(EXTRACTED DATA)
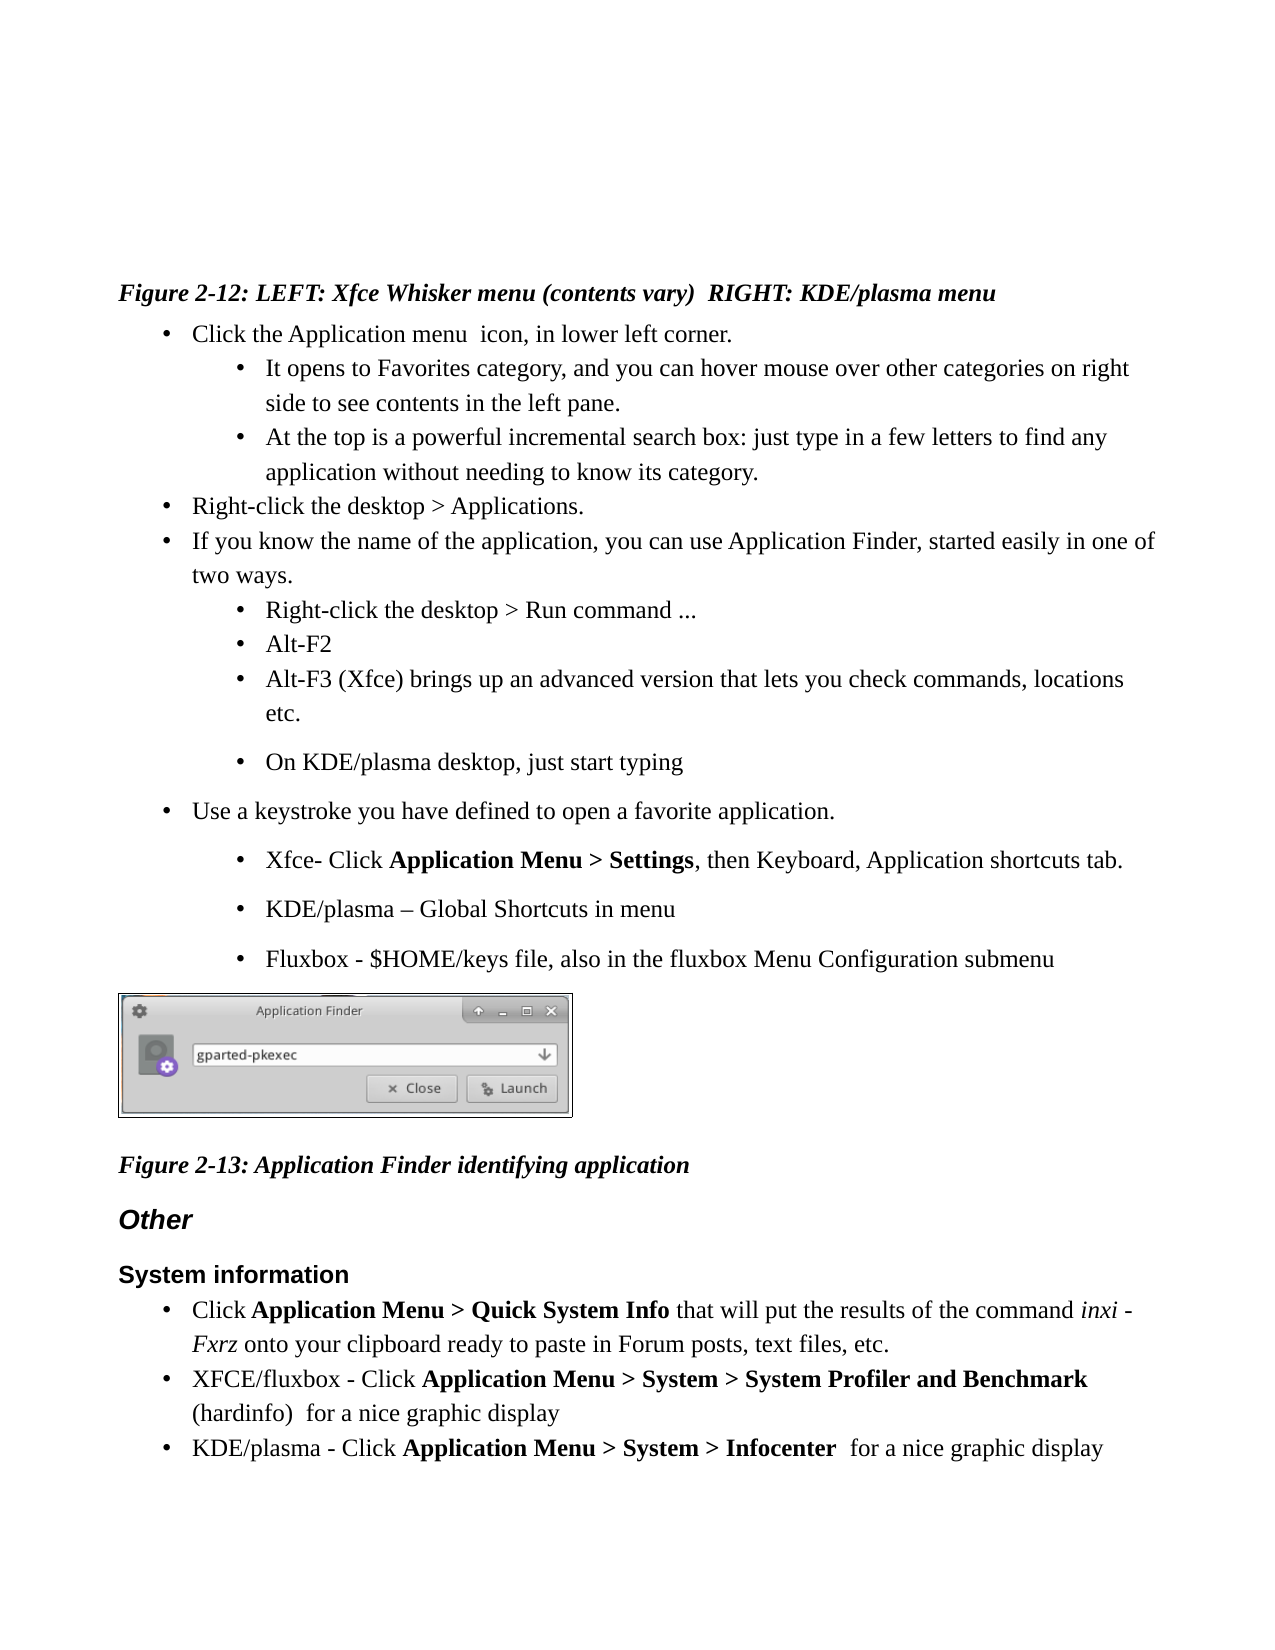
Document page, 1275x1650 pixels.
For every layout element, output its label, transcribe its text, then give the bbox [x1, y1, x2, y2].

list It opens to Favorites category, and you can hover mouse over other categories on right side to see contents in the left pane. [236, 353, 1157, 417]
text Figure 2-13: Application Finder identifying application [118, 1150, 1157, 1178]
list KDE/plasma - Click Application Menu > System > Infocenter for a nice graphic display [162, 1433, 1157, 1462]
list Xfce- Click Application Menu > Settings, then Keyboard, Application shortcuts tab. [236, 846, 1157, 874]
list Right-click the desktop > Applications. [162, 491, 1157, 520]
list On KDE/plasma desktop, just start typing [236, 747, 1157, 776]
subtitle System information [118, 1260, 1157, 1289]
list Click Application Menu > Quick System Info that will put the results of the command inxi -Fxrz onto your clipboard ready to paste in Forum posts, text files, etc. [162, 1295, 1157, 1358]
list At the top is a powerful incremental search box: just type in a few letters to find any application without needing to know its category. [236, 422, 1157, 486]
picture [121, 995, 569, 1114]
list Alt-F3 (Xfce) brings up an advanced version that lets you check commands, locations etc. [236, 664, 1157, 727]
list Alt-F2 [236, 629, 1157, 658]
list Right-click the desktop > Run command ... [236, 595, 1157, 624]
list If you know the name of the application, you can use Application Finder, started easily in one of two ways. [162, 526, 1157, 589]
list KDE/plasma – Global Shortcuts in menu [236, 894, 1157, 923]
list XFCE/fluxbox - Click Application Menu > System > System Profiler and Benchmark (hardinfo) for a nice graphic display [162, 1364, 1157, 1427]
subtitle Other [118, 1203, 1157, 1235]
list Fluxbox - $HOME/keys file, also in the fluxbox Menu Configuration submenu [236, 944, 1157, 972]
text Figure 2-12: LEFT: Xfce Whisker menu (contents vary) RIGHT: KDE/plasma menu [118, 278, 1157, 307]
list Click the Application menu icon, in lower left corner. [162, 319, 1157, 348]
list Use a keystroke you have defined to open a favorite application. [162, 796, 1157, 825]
(End EXTRACTED DATA)
▸ WORK TO COMPLETE
Reproduce exactly the lines above from the line with "subtitle Other [118, 1203, 1157, 1235]" to the line with "text Figure 2-12: LEFT: Xfce", including both, and add nothing.

▸ YOUR RESPONSE
subtitle Other [118, 1203, 1157, 1235]
list Fluxbox - $HOME/keys file, also in the fluxbox Menu Configuration submenu [236, 944, 1157, 972]
text Figure 2-12: LEFT: Xfce Whisker menu (contents vary) RIGHT: KDE/plasma menu [118, 278, 1157, 307]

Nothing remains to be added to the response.